- **Work request**
Please copy the data below exactly, from its first line through the line holding "- resistance at marker 1 (S11)", and skip the pictures.

**** Information provided

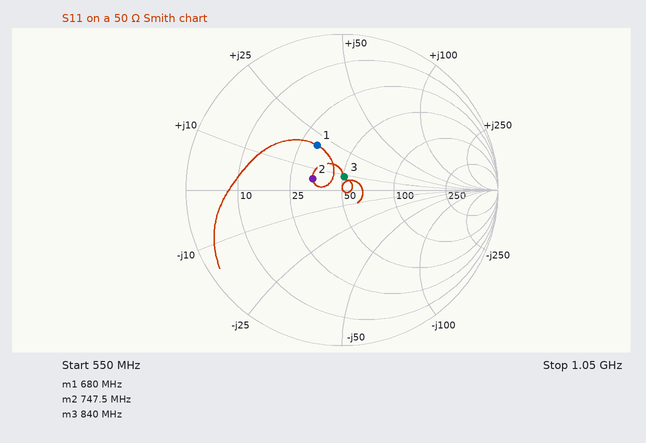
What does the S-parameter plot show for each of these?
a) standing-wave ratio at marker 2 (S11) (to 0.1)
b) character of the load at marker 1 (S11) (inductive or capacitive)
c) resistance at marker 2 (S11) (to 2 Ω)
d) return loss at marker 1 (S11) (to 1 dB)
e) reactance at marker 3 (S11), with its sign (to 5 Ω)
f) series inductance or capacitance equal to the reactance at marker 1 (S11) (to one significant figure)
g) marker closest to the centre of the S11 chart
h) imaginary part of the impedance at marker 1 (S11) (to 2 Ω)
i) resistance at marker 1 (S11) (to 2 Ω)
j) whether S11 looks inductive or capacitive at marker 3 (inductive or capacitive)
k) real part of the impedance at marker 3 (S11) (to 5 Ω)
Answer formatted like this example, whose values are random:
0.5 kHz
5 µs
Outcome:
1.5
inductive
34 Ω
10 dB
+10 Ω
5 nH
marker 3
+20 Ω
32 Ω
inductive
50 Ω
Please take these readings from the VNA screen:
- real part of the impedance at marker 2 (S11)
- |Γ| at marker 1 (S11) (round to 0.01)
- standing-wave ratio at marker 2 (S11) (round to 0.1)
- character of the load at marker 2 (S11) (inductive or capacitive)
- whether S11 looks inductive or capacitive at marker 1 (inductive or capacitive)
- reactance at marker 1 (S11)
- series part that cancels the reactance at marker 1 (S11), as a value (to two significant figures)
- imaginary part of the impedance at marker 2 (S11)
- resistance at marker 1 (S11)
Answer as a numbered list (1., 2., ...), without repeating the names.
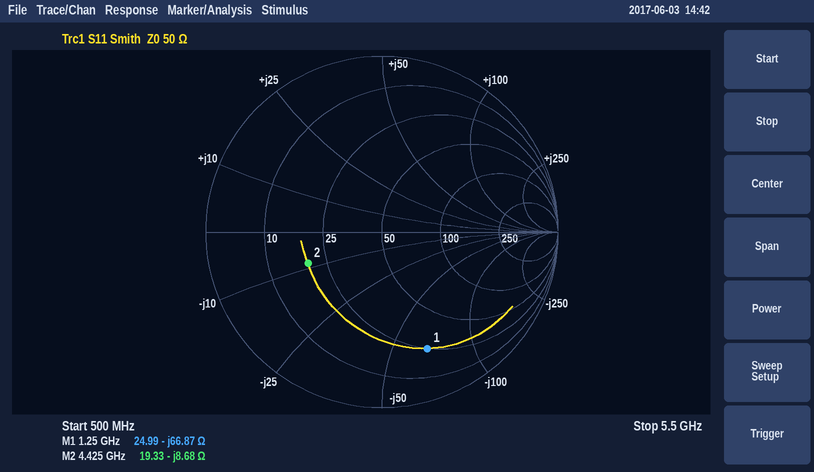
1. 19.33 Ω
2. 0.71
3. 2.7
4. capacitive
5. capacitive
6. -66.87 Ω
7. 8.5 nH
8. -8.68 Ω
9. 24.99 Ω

********

- **Solution to this exercise**
What does the S-parameter plot show for each of these?
a) standing-wave ratio at marker 2 (S11) (to 0.1)
b) character of the load at marker 1 (S11) (inductive or capacitive)
c) resistance at marker 2 (S11) (to 2 Ω)
d) return loss at marker 1 (S11) (to 1 dB)
e) reactance at marker 3 (S11), with its sign (to 5 Ω)
f) series inductance or capacitance equal to the reactance at marker 1 (S11) (to one significant figure)
g) marker closest to the centre of the S11 chart
h) imaginary part of the impedance at marker 1 (S11) (to 2 Ω)
i) resistance at marker 1 (S11) (to 2 Ω)
j) whether S11 looks inductive or capacitive at marker 3 (inductive or capacitive)
k) real part of the impedance at marker 3 (S11) (to 5 Ω)
Answer formatted like this example, whose values are random:
0.5 kHz
5 µs
Outcome:
1.5
inductive
34 Ω
10 dB
+10 Ω
5 nH
marker 3
+20 Ω
32 Ω
inductive
50 Ω
Please take these readings from the VNA screen:
- real part of the impedance at marker 2 (S11)
- |Γ| at marker 1 (S11) (round to 0.01)
- standing-wave ratio at marker 2 (S11) (round to 0.1)
- character of the load at marker 2 (S11) (inductive or capacitive)
- whether S11 looks inductive or capacitive at marker 1 (inductive or capacitive)
- reactance at marker 1 (S11)
- series part that cancels the reactance at marker 1 (S11), as a value (to two significant figures)
- imaginary part of the impedance at marker 2 (S11)
- resistance at marker 1 (S11)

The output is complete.